Zhang et al. reported stable MglAQ82L expressed from the att site, however our constructed mutants (which integrated at the chromosomal site) failed to accumulate www.selleckchem.com/products/kpt-8602.html stable MglA protein [18]. Time-lapse microscopy failed to detect any movement on 1.5% agarose for either strain; motility in MC was nearly identical with the parent. Loss of transcript did not appear to account for the problem because, as shown in Figure 4, the levels of mglA transcript for both the Q82A and Q82R were found to be elevated. The apparent increase in mRNA level by qRT-PCR and, paradoxically, the decreased expression of MglA may be due to alterations in the predicted secondary structure of mgl RNA resulting
from codon 82 modifications. All activating mutation strains were assayed for their localization. We did not detect MglA in the Q82 mutants, consistent with the Western blot showed in Figure 6D. In the G21V and L22V, we observed localization as previously seen in Figure 3D, which depicts the L22V localization pattern. The localization pattern for P80A was indistinguishable from the WT (WT shown in Figure 3A).

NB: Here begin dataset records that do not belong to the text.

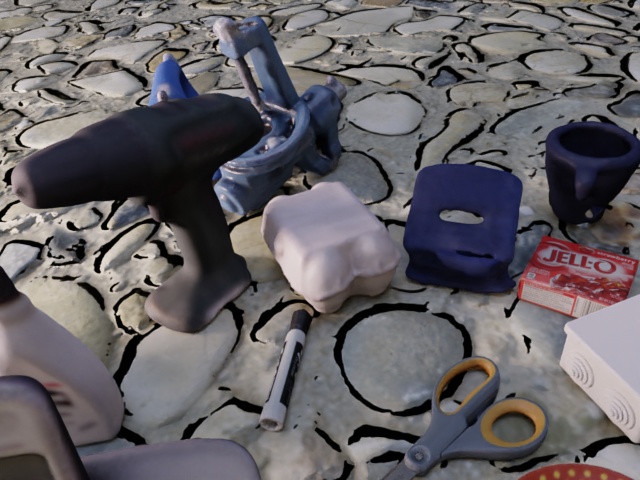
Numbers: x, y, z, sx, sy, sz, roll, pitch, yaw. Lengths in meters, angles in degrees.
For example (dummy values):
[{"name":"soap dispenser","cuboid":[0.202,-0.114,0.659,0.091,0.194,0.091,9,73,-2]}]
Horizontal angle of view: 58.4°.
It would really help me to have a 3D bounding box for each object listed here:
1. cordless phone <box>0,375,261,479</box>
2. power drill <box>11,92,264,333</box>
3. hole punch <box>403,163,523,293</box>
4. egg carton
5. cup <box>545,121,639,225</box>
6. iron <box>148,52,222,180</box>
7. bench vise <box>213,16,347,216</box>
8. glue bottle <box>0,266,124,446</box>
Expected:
[{"name":"cordless phone","cuboid":[-0.108,0.140,0.313,0.147,0.185,0.094,-10,38,-6]},{"name":"power drill","cuboid":[-0.130,-0.024,0.504,0.075,0.209,0.230,19,44,28]},{"name":"hole punch","cuboid":[0.139,-0.013,0.553,0.108,0.091,0.101,7,40,16]},{"name":"egg carton","cuboid":[0.005,0.002,0.568,0.107,0.069,0.150,-20,40,-17]},{"name":"cup","cuboid":[0.272,-0.056,0.589,0.091,0.095,0.118,13,42,22]},{"name":"iron","cuboid":[-0.190,-0.174,0.756,0.118,0.142,0.258,-11,38,-6]},{"name":"bench vise","cuboid":[-0.056,-0.162,0.662,0.121,0.220,0.208,12,41,21]},{"name":"glue bottle","cuboid":[-0.199,0.084,0.405,0.078,0.173,0.037,-8,38,-3]}]

Mutations that are predicted to affect surface residues alter or decrease MglA function and may affect protein-protein interactions Based on the three-dimensional model of MglA (Figure
1), we predicted that residues Asp52, Thr54, Leu117, Leu120 and Leu124 might be surface exposed. Asp52 and Thr54 lie within a region that corresponds with a GAP (GTPase Activating Protein) effector-binding region of eukaryotic GTPases [36]. Leu117, Leu120 and Leu124 are three of the leucines that comprise a short stretch between AZD7762 research buy Leu117 and Leu145 that resembles a leucine repeat (Lx6L) [37] that are likely to reside on a single face of an α-helix. These hydrophobic residues Masitinib (AB1010) and their neighbors would either be buried in the interior of the protein or would indicate a potential binding site for
an interacting protein with a similar hydrophobic face. The residues in this leucine-rich repeat (LRR) were indicated in orange in Figure 1 and are highlighted in Figure 7A. The role of each of these residues in gliding and development was investigated. Figure 7 Mutations predicted to alter surface residues abolish function of MglA. Residues predicted to exist on the surface of MglA either failed to complement the deletion phenotype or partially restored the activity of both motility systems. Strains in this panel include MxH2408 (D52A), MxH2406 (T54A), MxH2339 (L117/120A) and MxH2279 (L124K). See Figure 2 SN-38 research buy legend. Residues D52 and T54 were found to be critical for the function of MglA. Both mutants produced stable MglA protein that had significantly reduced function. Although some gliding flares (including isolated cells) were apparent at the colony edge of each mutant strain (Figure 7C), swarming was abolished (Figure 7B).